『週刊少年サンデー』29号
福地翼『うえきの法則+』
『+』になってから顕著なのだが、この作品は目で芝居を魅せるようになってきている。
やってることは非常にオーソドックスな少年マンガで、今回の話も主人公が特殊能力に覚醒する回としてさほど特殊なことをやっているわけではないのだが、それだけにこの目の力が活きてくるのよね。
雷句誠『金色のガッシュ!!』
……いや、何つーか、連載史上最凶最悪のシチエーションでカタストロフが進行中であり、清麿が脳髄を振り絞って危機脱出の一手を繰り出し続ける、まさに手に汗握る展開でありながら、派手な見開きを使って「実は泳げたファウード」がざばーんと海面から飛び出すというこのシーンに、もはや笑うべきなのか恐怖すべきなのか、いずれにせよ何やら得たいの知れない陶然とした夢見心地な境地に連れ去られ、あるいはこれこそ少年マンガを単行本ではなく連載で読む最大の快楽ではないかなどと感じつつ、薄れゆく意識の中で、そーいやアニメでは本当に日曜の朝っぱらから恵に「テ●ンコ」を連呼させるのであろうかと遠く日本の放送倫理の在り方へ想いを馳せたりする回だった。(よく判らん)
あだち充『クロス・ゲーム』
ようやく主人公の中に野球へ向かうきっかけが芽生えた回。ここまで7話も掛けてる。しかも恐らく「本当のモチベーション」は、これから始まる「小5の夏」を経て初めて主人公の心に宿る展開になるのではと見られる。
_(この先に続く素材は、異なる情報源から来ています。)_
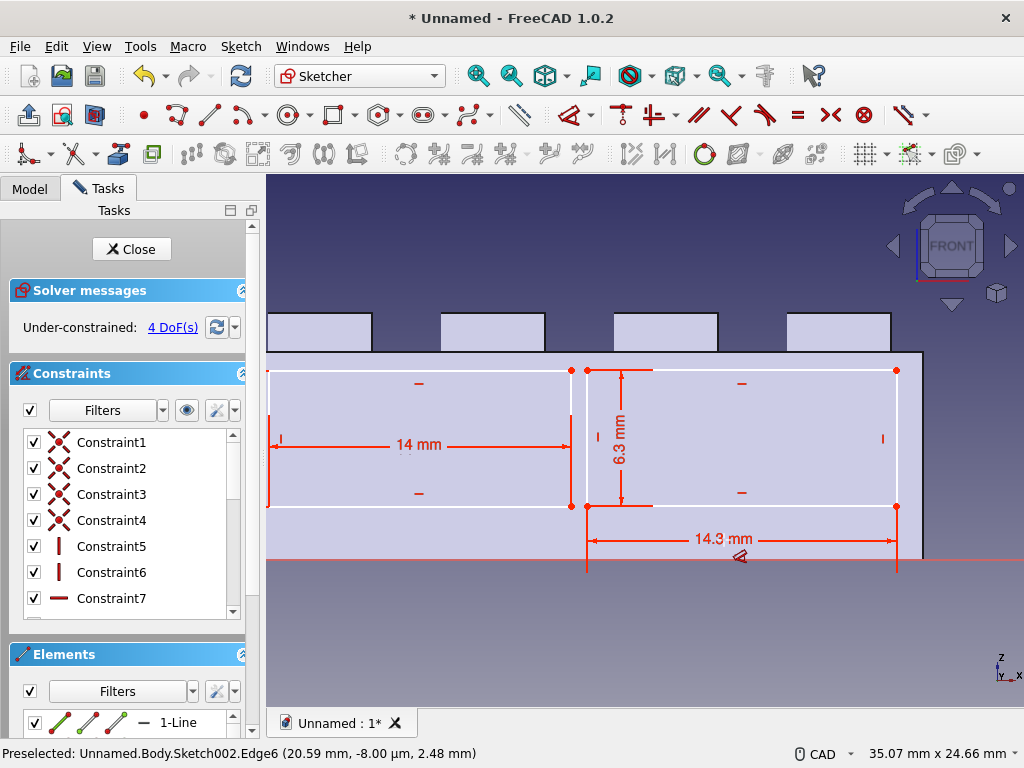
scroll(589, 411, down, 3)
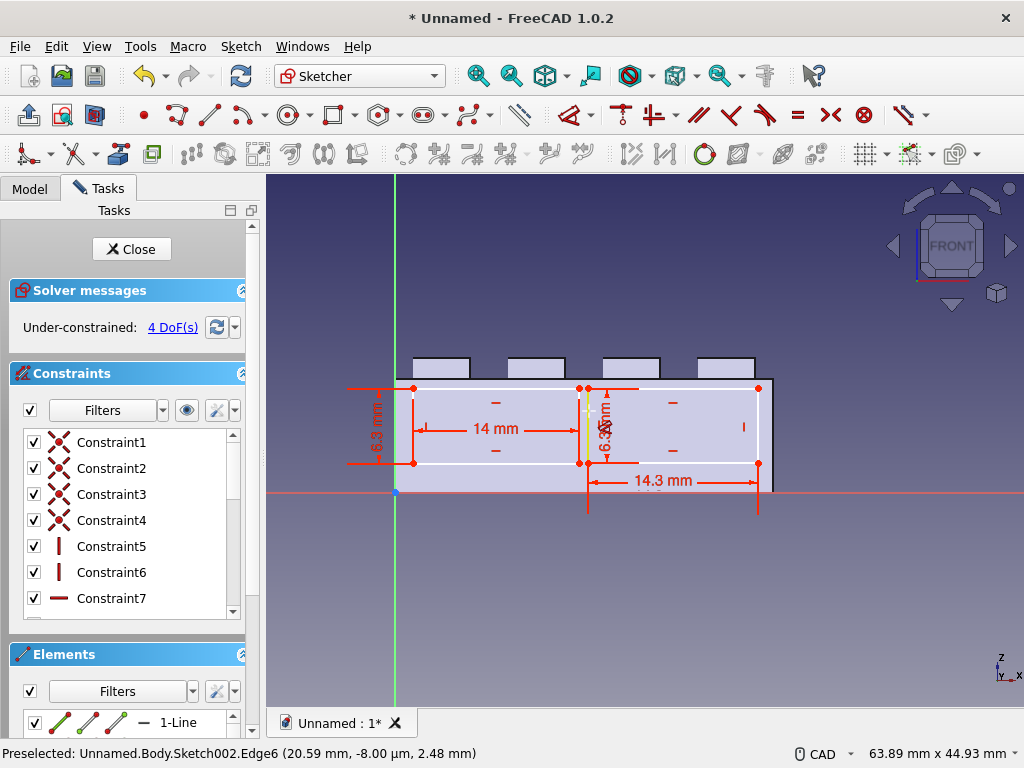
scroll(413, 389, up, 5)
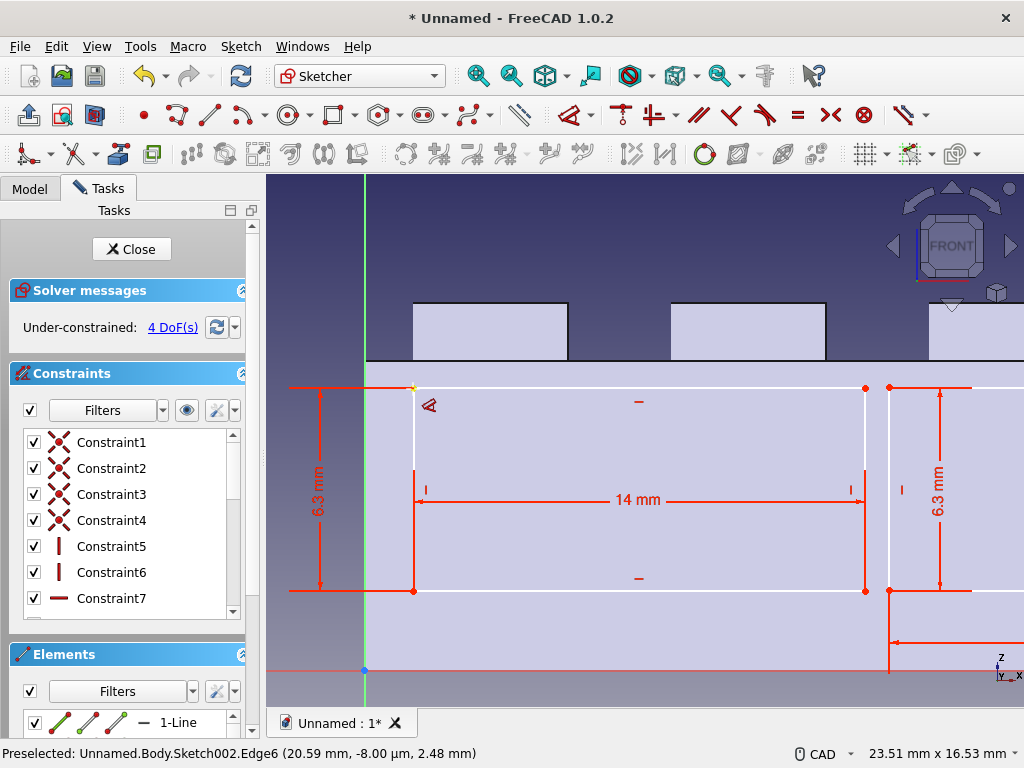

で、勿論、あだち充なのだからして、本当の本番は「甲子園」である筈だ。
世の中には、10週で打ち切られるマンガ家もいるのに。
それを思えば、老舗の造り酒屋みたいな贅沢な話というか。
畑健二郎『ハヤテのごとく』
祝2巻発売。
今度はいっぱい刷ってもらえたみたいでよかったね。
勿論、買ってはいるのだけど、今日は連載の方の話。
またしても斜め上をゆく論理展開で会話を進めるお嬢さんが登場し、とりあえずフラグを立ててしまうハヤテ(笑)。
弁当ひとつ届けるまでに、この調子で何本のフラグを立てるつもりなのだろうか。
つーか、それまでに何週消化するつもりなのかという話であり、マリアさんの影がまたしても薄くなり、単行本の巻末でさめざめと泣くのかという話なのだが。